February 12th, 2006 at 1:08 pm
I can see some here are as far to the left as they see Bush is to the right. They seem so convinced all their far left approaches to solving the worlds problems are the only way,
that they become ‘George Bush’s of the left’.
In fact, I am sure they see themselves as not extreme at all, but in the middle or certainly in the ’silent majority’.

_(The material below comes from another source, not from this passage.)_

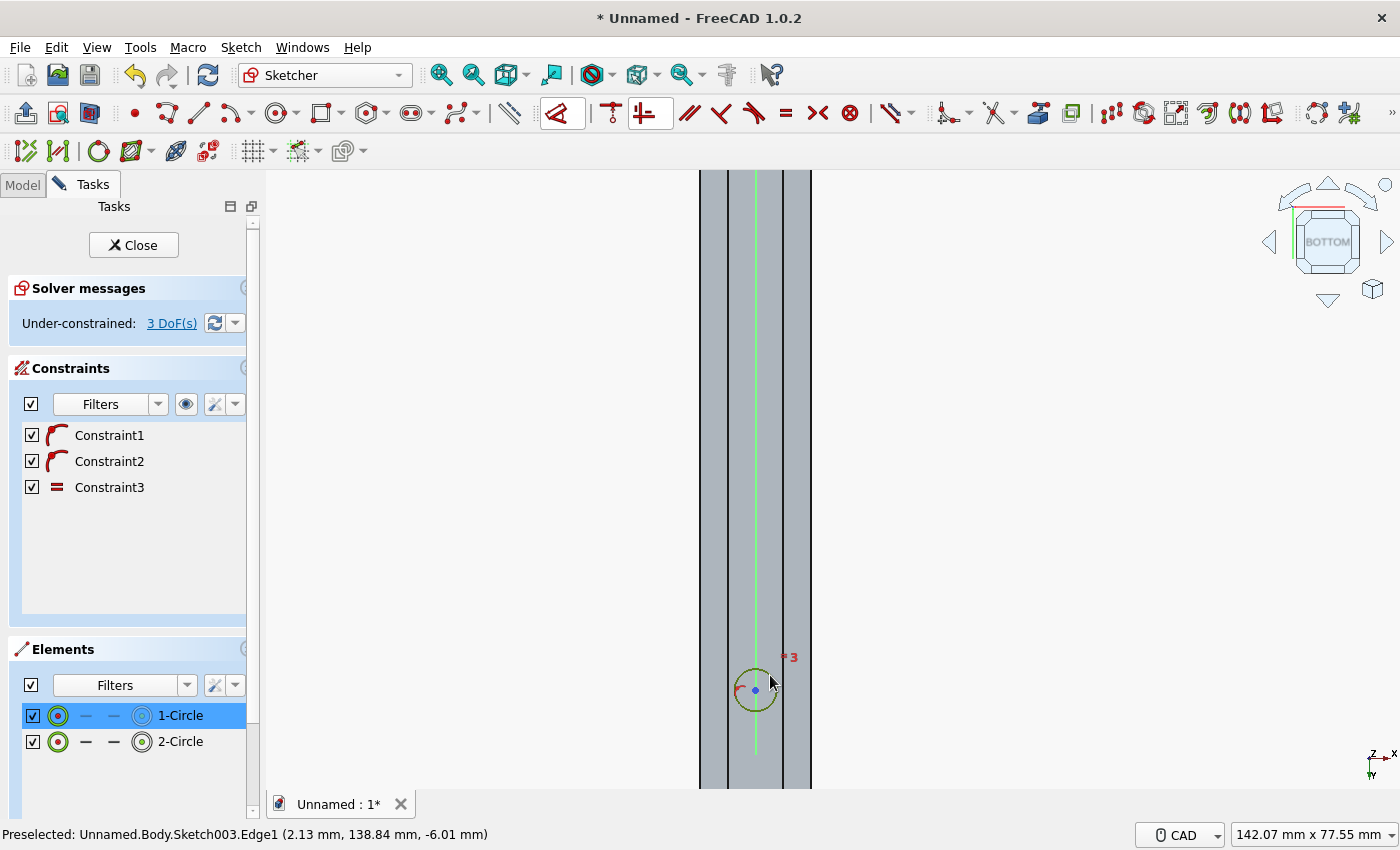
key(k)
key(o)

Of course, the answer is the extremes on both sides are dangerous to their party affiliation. They lose elections for their candidates if ’seen on TV’. They don’t appear moderate, rational, and many time just not nice people to the voters that count; the moderate, the rational, the people with a life other than politics.
February 12th, 2006 at 2:52 pm
“Of course, the answer is the extremes on both sides are dangerous to their party affiliation. They lose elections for their candidates if ’seen on TV’. They don’t appear moderate, rational, and many time just not nice people to the voters that count; the moderate, the rational, the people with a life other than politics.”
Jim,
Your statement indicates an irrational understanding of why candidates lose elections—The American public wants to have a TWO party system, not a one party cabal with politicians who are basically the same with only slight variation in their ideology.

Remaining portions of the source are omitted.